You’re right, but the industry also knows it’s not 1994. For instance, I think the industry industry has welcomed, if not instigated, a lot of the extremist “socialism” babble from the Right as part of a pre-emptive campaign on health care reform.
There’s is no question that the crisis is far worse. People won’t be fooled as easily, but they might still be fooled.
Thoughtful. Thank you, Glenn.
I really wish that a class action false advertising suit could be brought against the vulture insurance industry.
Thanks. The framing war on health care reform will be intense. Just hoping we’re all prepared…
While it would be better than what many people have (nothing), as a Medicare recipient I can tell you it is no panacea. Also not cheap to people on fixed incomes. My Medicare premium eats up nearly one fifth of my monthly disability income. Also, Medicare is nearly as likely to deny services when a patient doesn’t meet certain criteria as private insurance companies.
I s’pose the first amendment protects lies as well, though I think the industry’s scare-words come close to shouting fire in a movie theatre. I mean, if legal precedent says such words are not protected because they might cause people to die, then it oughta apply to Luntz, ’cause people sure will die.
Here in CO we have a state plan before the legislature.
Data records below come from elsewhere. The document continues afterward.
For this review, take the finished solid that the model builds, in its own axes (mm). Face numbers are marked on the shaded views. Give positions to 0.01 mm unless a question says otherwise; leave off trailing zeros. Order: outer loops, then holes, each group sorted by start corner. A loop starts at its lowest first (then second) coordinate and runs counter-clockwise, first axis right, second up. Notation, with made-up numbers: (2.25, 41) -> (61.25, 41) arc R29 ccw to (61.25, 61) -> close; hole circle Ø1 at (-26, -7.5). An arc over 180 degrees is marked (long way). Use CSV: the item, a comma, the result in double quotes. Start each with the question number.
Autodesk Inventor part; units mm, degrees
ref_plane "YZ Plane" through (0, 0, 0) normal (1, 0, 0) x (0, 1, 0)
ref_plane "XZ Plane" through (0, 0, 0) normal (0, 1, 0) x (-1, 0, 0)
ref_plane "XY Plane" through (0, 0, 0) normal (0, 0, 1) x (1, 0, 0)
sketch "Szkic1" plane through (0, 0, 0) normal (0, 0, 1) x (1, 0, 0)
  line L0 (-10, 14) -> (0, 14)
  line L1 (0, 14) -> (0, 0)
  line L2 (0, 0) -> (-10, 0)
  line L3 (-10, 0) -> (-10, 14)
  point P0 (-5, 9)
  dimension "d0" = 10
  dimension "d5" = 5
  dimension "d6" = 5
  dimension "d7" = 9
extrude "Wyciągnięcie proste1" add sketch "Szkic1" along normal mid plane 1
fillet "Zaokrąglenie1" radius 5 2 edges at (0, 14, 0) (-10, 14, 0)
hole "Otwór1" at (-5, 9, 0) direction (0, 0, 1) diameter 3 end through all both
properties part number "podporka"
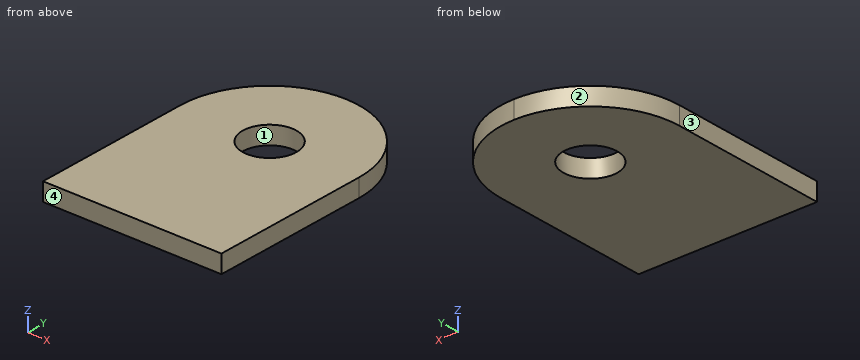
1. Consider section D-D (x = -4.75). State the section outline as (y, z) points, plus the area to 3 significant figures.
2. Consider section B-B (x = -6). State the section outline as (y, z) points, plus the area to 3 significant figures.
3. To check wall thickness, follow L1, parallel to X at y = 9, z = -0.2; L2, parallel to Y at x = -5, z = 0.15; L3, parallel to Y at x = -5.5, z = -0.15. State the ranges of each line that lie inside material, in increasing order. Write a range as [from, to].
4. Consider section C-C (y = 11.25). State the section outline as (x, z) points, plus the area to 3 significant figures.
5. Draft analysis for pull direction Y (two halves, no side actions). For the marked faces 1, 2, 3 and 4, state which applies: +Y half, -Y half, draft (parallel to the pull), parting line (faces both ways), or undercut.
Answer list:
1,outline,"(0, -0.5) -> (7.52, -0.5) -> (7.52, 0.5) -> (0, 0.5) -> close; (10.48, -0.5) -> (13.99, -0.5) -> (13.99, 0.5) -> (10.48, 0.5) -> close"
1,area,"11.0 mm2"
2,outline,"(0, -0.5) -> (7.88, -0.5) -> (7.88, 0.5) -> (0, 0.5) -> close; (10.12, -0.5) -> (13.9, -0.5) -> (13.9, 0.5) -> (10.12, 0.5) -> close"
2,area,"11.7 mm2"
3,L1,"[-10, -6.5], [-3.5, 0]"
3,L2,"[0, 7.5], [10.5, 14]"
3,L3,"[0, 7.59], [10.41, 13.97]"
4,outline,"(-9.47, -0.5) -> (-0.53, -0.5) -> (-0.53, 0.5) -> (-9.47, 0.5) -> close"
4,area,"8.93 mm2"
5,face 1,"undercut"
5,face 2,"+Y half"
5,face 3,"draft"
5,face 4,"-Y half"

They had a program on PBS to which the single payer advocates were not invited. After raising caine they had a second show featuring single payer.
The republicans are liars through and through. I wrote here about the lies they spread about bankruptcy cramdown. Luntz and his ilk have been lying so long there isn’t a breath of truth left in them. Your hope that he will understand the evil he pushes is vain: he is a Myrmidon.
Was that national or local PBS affiliate? Are there links to reports on that CO controversy?
OT The Dalai Lama is on Fareed Zacharia – OMG his arm is bare
Must mean Michelle Obama is a secret Buddhist. Now we know…
selise in particular has been very good and very consistent about pointing out the human cost of policy decisions.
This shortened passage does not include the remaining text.